Picking up on Helping Learners Look at Their Code, where I showed how we can use the pyflowchart Python package to render a flowchart equivalent of code in a notebook code cell using the flowchart.js package, I started wondering about also generating text based descriptions of simple fragements of code. I half expected there to be a simple package out there that would do this — a Python code summariser, or human radable text description generator — but couldn’t find anything offhand.
So as a a really quick proof of concept knocked up over a coffee break, here are some sketches of a really naive way in to parsing some simple Python code (and that’s all we need to handle…) on the way to creating a simple human readable text version of it.

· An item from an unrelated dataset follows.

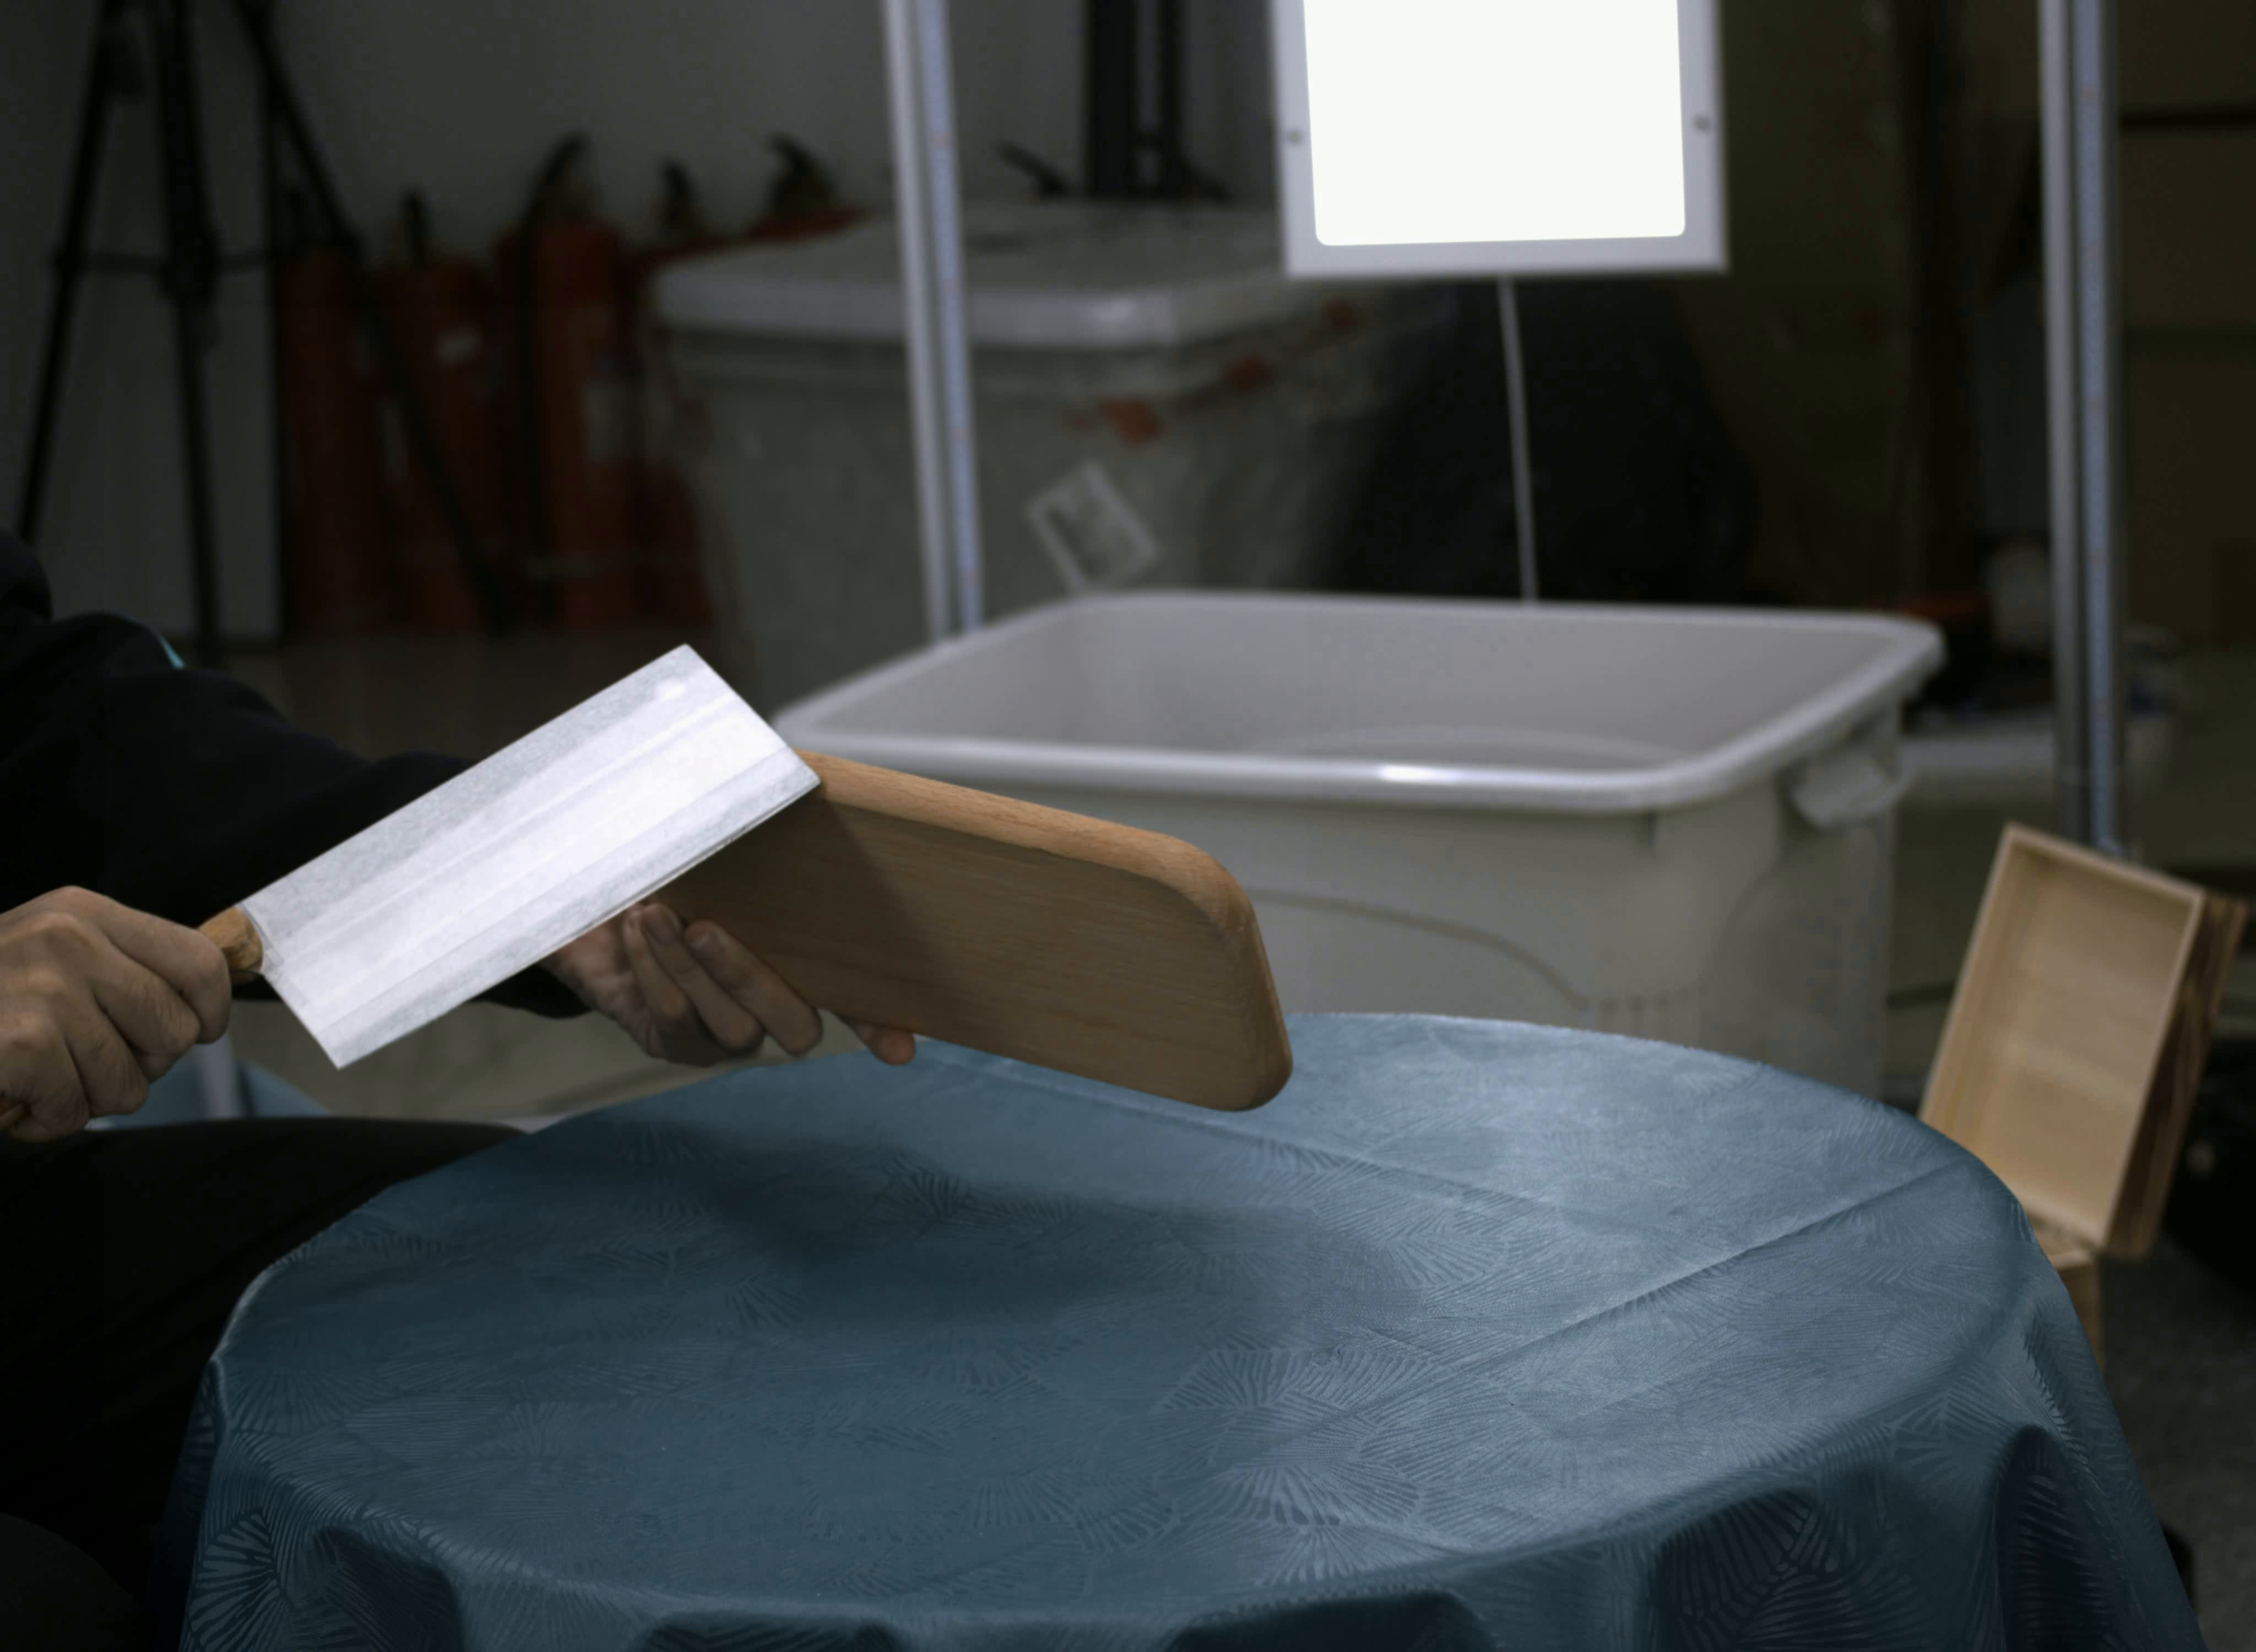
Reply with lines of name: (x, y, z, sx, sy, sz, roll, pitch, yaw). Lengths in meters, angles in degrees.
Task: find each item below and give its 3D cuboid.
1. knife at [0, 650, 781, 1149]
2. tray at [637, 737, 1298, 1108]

# Have a look at the AST of some Python code
# Pretty print AST
#https://github.com/clarketm/pprintast
#%pip install pprintast
from pprintast import pprintast as ppast # OR: from pprintast import ppast
# 2. pretty print AST from a "string".
exp = '''
import os, math
import pandas as pd
from pprintast import pprintast2 as ppast
def test_fn(a, b=1, c=2):
"""Add two numbers"""
out = a+b
print(out)
return out
def test_fn2(a, b=1):
out = a+b
if a>b:
print(a)
else:
print(b)
print(out)
'''
ppast(exp)
This gives a pretty printed output that lets us review the AST:
Module(body=[
Import(names=[
alias(name='os', asname=None),
alias(name='math', asname=None),
]),
Import(names=[
alias(name='pandas', asname='pd'),
]),
ImportFrom(module='pprintast', names=[
alias(name='pprintast2', asname='ppast'),
], level=0),
FunctionDef(name='test_fn', args=arguments(posonlyargs=[], args=[
arg(arg='a', annotation=None, type_comment=None),
arg(arg='b', annotation=None, type_comment=None),
arg(arg='c', annotation=None, type_comment=None),
], vararg=None, kwonlyargs=[], kw_defaults=[], kwarg=None, defaults=[
Constant(value=1, kind=None),
Constant(value=2, kind=None),
]), body=[
Expr(value=Constant(value='Add two numbers', kind=None)),
Assign(targets=[
Name(id='out', ctx=Store()),
], value=BinOp(left=Name(id='a', ctx=Load()), op=Add(), right=Name(id='b', ctx=Load())), type_comment=None),
Expr(value=Call(func=Name(id='print', ctx=Load()), args=[
Name(id='out', ctx=Load()),
], keywords=[])),
Return(value=Name(id='out', ctx=Load())),
], decorator_list=[], returns=None, type_comment=None),
FunctionDef(name='test_fn2', args=arguments(posonlyargs=[], args=[
arg(arg='a', annotation=None, type_comment=None),
arg(arg='b', annotation=None, type_comment=None),
], vararg=None, kwonlyargs=[], kw_defaults=[], kwarg=None, defaults=[
Constant(value=1, kind=None),
]), body=[
Assign(targets=[
Name(id='out', ctx=Store()),
], value=BinOp(left=Name(id='a', ctx=Load()), op=Add(), right=Name(id='b', ctx=Load())), type_comment=None),
If(test=Compare(left=Name(id='a', ctx=Load()), ops=[
Gt(),
], comparators=[
Name(id='b', ctx=Load()),
]), body=[
Expr(value=Call(func=Name(id='print', ctx=Load()), args=[
Name(id='a', ctx=Load()),
], keywords=[])),
], orelse=[
Expr(value=Call(func=Name(id='print', ctx=Load()), args=[
Name(id='b', ctx=Load()),
], keywords=[])),
]),
Expr(value=Call(func=Name(id='print', ctx=Load()), args=[
Name(id='out', ctx=Load()),
], keywords=[])),
], decorator_list=[], returns=None, type_comment=None),
], type_ignores=[])
We can now parse that into a dict, for example:
#https://www.mattlayman.com/blog/2018/decipher-python-ast/
import re
import ast
from pprint import pprint
# TO DO update generic_visit to capture other nodes
# A NodeVisitor can respond to any type of node in the Python AST.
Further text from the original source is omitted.